For the next three days we tour the land in which Alexander was born, raised and conquered the world (as they knew it then) and was finally buried alongside his father King Phillip ll.
The first two day’s we base ourselves in Vergina. Known as Aigai in ancient times it is the recently discovered (1977) site of the magnificent tombs of the Macedonian royal family, King Philip ll, father of Alexander the Great.
The museum built inside the burial chamber known as the Great tumulus contains some of the most spectacular gold objects found in ancient Greece, including gold caskets in which the bones of Philip ll and Alexander were buried.
Inside the domed roof of the museum you get a real sense of the scale and feel of the tumulus with passageway’s leading to the tombs. The marbled door temples are closed but you can walk down a passageway to the entrance. Outside is a model of the chamber with descriptions of what was found inside, items such as paintings, tools, weapons, a full set of armour, jewellery, eating utensils, dishes, wine jugs etc., all the things that would be needed in their next life. The youngest wife or concubine also willingly went to their death and was buried with him so as to join the King in his next life.
Alexander was the son of King Phillip ll, and both were born and raised in the village of Pella and it was from the royal palace there that in 338 BC Phillip ll left to conquer Greece.

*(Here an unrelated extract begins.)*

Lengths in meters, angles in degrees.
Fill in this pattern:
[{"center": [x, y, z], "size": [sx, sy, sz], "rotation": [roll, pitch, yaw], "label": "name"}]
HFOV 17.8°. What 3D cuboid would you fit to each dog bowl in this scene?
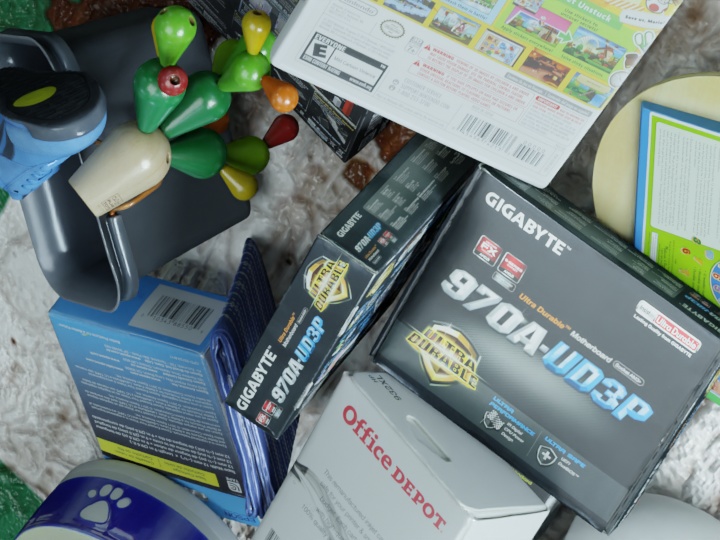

After King Philip died from battle injuries some years later, Alexander at the age of 20 years became king, and marched all the way to India, conquering everything in his path, fulfilling his father Philip’s plans to defeat the Persians in Asia, and creating the largest empire the ancient world had ever seen. An empire that extended to India in the east and Egypt in the south.
He died in Babylon under mysterious circumstances at the young age of 33 years, and his body returned to the royal tombs Vergina to be buried next to his father.
Alexander was undefeated in battle and is considered one of history’s most successful military leaders.
This is honestly one of the best museums we have seen in a long time.
Our next stop is Pella, where from my bedroom window I look at the ruins of what was the largest agora in the ancient world, where Alexander lived, and was tutored by the great philosopher, Aristotle.
In Alexanders days the landscape was very different from now. Then the palace overlooked both the plain and the channel which bought supplies from around Europe into it’s bustling harbour, and from where their ships sailed off to conquer new lands. Now the waters have sadly dried up, and the hill overlooks the peaceful and still fertile fields growing canola, wheat and other crops.
Vergina and Pella will outlive us all. Over two and half thousand years of war, invasion and savage attacks are etched into the ruins, burial mounds and tombs here. And still they remain, partly due to the fantastic excavation works and archaeological digs of the passionate people that thankfully come to work here.